> **Data items**
──────────────────────────────
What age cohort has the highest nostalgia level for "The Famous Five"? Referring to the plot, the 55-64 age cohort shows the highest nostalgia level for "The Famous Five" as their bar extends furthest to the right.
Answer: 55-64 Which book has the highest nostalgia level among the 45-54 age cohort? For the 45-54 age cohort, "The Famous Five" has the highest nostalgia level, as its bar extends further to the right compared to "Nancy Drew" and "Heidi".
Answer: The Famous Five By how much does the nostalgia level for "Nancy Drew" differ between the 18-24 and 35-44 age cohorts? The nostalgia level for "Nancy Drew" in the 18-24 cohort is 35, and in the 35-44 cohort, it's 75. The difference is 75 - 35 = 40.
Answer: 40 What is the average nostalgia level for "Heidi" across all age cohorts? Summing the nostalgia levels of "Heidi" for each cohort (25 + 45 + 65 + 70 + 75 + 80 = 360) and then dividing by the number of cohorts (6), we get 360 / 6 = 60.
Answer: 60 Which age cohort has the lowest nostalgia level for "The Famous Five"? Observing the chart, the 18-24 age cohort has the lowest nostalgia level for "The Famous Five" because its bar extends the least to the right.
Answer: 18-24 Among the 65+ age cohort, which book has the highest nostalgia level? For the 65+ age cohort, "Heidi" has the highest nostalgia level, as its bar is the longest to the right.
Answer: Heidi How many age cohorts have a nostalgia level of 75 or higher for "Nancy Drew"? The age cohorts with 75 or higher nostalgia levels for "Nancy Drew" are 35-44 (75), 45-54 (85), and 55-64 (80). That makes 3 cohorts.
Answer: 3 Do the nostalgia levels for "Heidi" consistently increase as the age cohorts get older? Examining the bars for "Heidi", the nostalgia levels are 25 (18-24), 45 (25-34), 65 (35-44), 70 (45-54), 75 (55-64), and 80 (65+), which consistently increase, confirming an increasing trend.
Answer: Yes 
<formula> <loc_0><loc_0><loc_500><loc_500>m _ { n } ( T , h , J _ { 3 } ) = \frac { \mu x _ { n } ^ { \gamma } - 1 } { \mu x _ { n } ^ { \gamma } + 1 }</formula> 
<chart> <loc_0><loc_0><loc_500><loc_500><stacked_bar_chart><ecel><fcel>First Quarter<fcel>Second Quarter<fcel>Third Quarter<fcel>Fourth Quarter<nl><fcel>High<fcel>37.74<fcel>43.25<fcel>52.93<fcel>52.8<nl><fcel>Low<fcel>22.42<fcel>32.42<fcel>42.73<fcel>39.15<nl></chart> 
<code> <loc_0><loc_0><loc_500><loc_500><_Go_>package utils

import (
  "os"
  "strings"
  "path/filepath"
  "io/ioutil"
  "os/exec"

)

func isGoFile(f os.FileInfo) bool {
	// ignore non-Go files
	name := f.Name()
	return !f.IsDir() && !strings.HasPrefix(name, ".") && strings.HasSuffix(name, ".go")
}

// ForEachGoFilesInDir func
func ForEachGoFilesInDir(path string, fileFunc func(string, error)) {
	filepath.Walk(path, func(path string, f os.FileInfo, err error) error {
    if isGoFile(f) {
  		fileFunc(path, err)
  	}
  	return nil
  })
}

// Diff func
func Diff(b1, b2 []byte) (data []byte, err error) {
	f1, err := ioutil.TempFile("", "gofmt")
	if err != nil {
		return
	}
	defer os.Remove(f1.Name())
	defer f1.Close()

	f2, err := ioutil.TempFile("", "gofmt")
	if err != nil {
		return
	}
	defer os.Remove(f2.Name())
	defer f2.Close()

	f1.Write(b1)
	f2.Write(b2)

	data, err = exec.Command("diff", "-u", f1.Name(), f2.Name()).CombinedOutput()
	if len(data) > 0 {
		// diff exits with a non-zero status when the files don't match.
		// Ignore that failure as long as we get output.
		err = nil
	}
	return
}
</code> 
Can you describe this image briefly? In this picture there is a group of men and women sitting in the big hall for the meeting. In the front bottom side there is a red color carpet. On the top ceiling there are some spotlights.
──────────────────────────────
> **WHAT TO DO**
Going line by line, set down the data above exactly as given.

> **RESPONSE TO THIS EXERCISE**
What age cohort has the highest nostalgia level for "The Famous Five"? Referring to the plot, the 55-64 age cohort shows the highest nostalgia level for "The Famous Five" as their bar extends furthest to the right.
Answer: 55-64 Which book has the highest nostalgia level among the 45-54 age cohort? For the 45-54 age cohort, "The Famous Five" has the highest nostalgia level, as its bar extends further to the right compared to "Nancy Drew" and "Heidi".
Answer: The Famous Five By how much does the nostalgia level for "Nancy Drew" differ between the 18-24 and 35-44 age cohorts? The nostalgia level for "Nancy Drew" in the 18-24 cohort is 35, and in the 35-44 cohort, it's 75. The difference is 75 - 35 = 40.
Answer: 40 What is the average nostalgia level for "Heidi" across all age cohorts? Summing the nostalgia levels of "Heidi" for each cohort (25 + 45 + 65 + 70 + 75 + 80 = 360) and then dividing by the number of cohorts (6), we get 360 / 6 = 60.
Answer: 60 Which age cohort has the lowest nostalgia level for "The Famous Five"? Observing the chart, the 18-24 age cohort has the lowest nostalgia level for "The Famous Five" because its bar extends the least to the right.
Answer: 18-24 Among the 65+ age cohort, which book has the highest nostalgia level? For the 65+ age cohort, "Heidi" has the highest nostalgia level, as its bar is the longest to the right.
Answer: Heidi How many age cohorts have a nostalgia level of 75 or higher for "Nancy Drew"? The age cohorts with 75 or higher nostalgia levels for "Nancy Drew" are 35-44 (75), 45-54 (85), and 55-64 (80). That makes 3 cohorts.
Answer: 3 Do the nostalgia levels for "Heidi" consistently increase as the age cohorts get older? Examining the bars for "Heidi", the nostalgia levels are 25 (18-24), 45 (25-34), 65 (35-44), 70 (45-54), 75 (55-64), and 80 (65+), which consistently increase, confirming an increasing trend.
Answer: Yes 
<formula> <loc_0><loc_0><loc_500><loc_500>m _ { n } ( T , h , J _ { 3 } ) = \frac { \mu x _ { n } ^ { \gamma } - 1 } { \mu x _ { n } ^ { \gamma } + 1 }</formula> 
<chart> <loc_0><loc_0><loc_500><loc_500><stacked_bar_chart><ecel><fcel>First Quarter<fcel>Second Quarter<fcel>Third Quarter<fcel>Fourth Quarter<nl><fcel>High<fcel>37.74<fcel>43.25<fcel>52.93<fcel>52.8<nl><fcel>Low<fcel>22.42<fcel>32.42<fcel>42.73<fcel>39.15<nl></chart> 
<code> <loc_0><loc_0><loc_500><loc_500><_Go_>package utils

import (
  "os"
  "strings"
  "path/filepath"
  "io/ioutil"
  "os/exec"

)

func isGoFile(f os.FileInfo) bool {
	// ignore non-Go files
	name := f.Name()
	return !f.IsDir() && !strings.HasPrefix(name, ".") && strings.HasSuffix(name, ".go")
}

// ForEachGoFilesInDir func
func ForEachGoFilesInDir(path string, fileFunc func(string, error)) {
	filepath.Walk(path, func(path string, f os.FileInfo, err error) error {
    if isGoFile(f) {
  		fileFunc(path, err)
  	}
  	return nil
  })
}

// Diff func
func Diff(b1, b2 []byte) (data []byte, err error) {
	f1, err := ioutil.TempFile("", "gofmt")
	if err != nil {
		return
	}
	defer os.Remove(f1.Name())
	defer f1.Close()

	f2, err := ioutil.TempFile("", "gofmt")
	if err != nil {
		return
	}
	defer os.Remove(f2.Name())
	defer f2.Close()

	f1.Write(b1)
	f2.Write(b2)

	data, err = exec.Command("diff", "-u", f1.Name(), f2.Name()).CombinedOutput()
	if len(data) > 0 {
		// diff exits with a non-zero status when the files don't match.
		// Ignore that failure as long as we get output.
		err = nil
	}
	return
}
</code> 
Can you describe this image briefly? In this picture there is a group of men and women sitting in the big hall for the meeting. In the front bottom side there is a red color carpet. On the top ceiling there are some spotlights.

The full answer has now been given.